Two Lewiston-Auburn bridges spanning the Androscoggin River have now been fittingly named to honor two extraordinary men with local ties who excelled in their chosen fields, experienced but rejected bigotry and violence, devoted their lives to improving the lives of others, and strived to bridge the differences that divide humanity.

On Tuesday, the city councils of Lewiston and Auburn resolved to name the pedestrian foot bridge, which connects parkland on either side of the river, in memory of John T. Jenkins, former mayor of both cities, who died of cancer in 2020 at the age of 68.

In 2008, a short distance to the south, a parallel motor vehicle bridge connecting the former immigrant enclaves of Lewiston’s Little Canada and New Auburn was named in honor of Bernard Lown, a world-renown cardiologist, inventor and advocate for nuclear disarmament who died this year at age of 99.  To add a nice poetic touch, it was John Jenkins, then Auburn’s Mayor, who helped preside over the dedication of the Bernard Lown Peace Bridge.

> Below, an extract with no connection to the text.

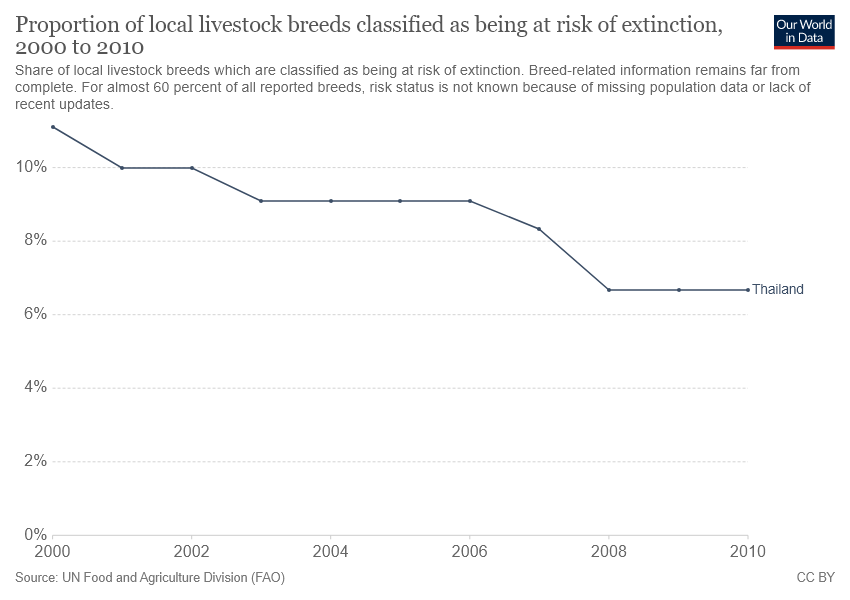Draw attention to some important aspects in this diagram. In 2002 and 2003, the percentage of livestock breeds classified as at risk of extinction differed by 0.01%. In 2000, the year with the highest point on the graph was recorded. 
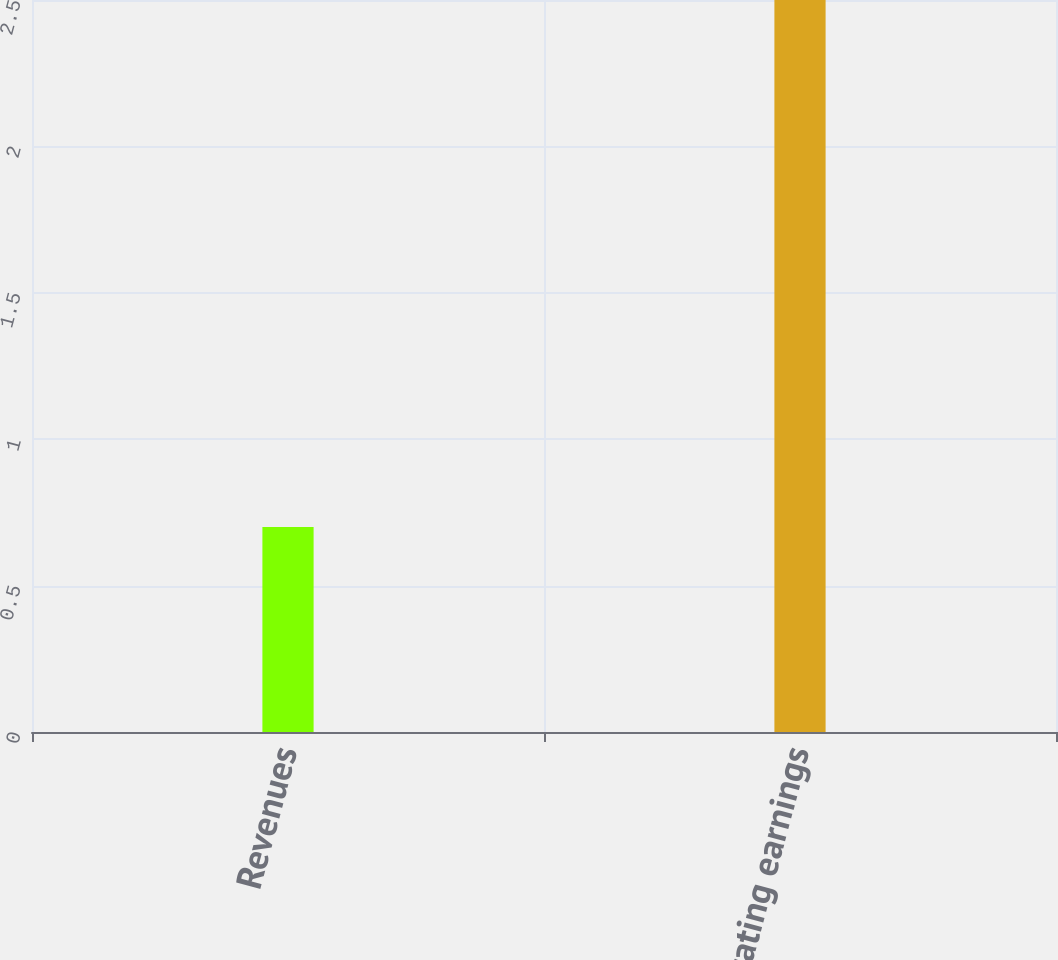Convert chart. <chart><loc_0><loc_0><loc_500><loc_500><bar_chart><fcel>Revenues<fcel>Operating earnings<nl><fcel>0.7<fcel>2.5<nl></chart>

Jenkins, an African-American, was born in Newark, New Jersey in 1952, the youngest of three children. He was raised by a single mother, who tried to keep him away from the gang violence plaguing the city by enrolling him in karate classes and Boy Scouts. Scouting introduced him to the outdoors and wilderness, while karate taught him to discipline his mind and body. He graduated from Newark’s Malcolm X Shabazz High School in 1970.

By 1970, Newark, an important industrial center and transportation hub, had become one of the most segregated cities in the country, with African-Americans comprising 54% of the population as the result of white flight to the suburbs.  That same year Maine’s entire Black population represented only three-tenths of one percent of the State’s population.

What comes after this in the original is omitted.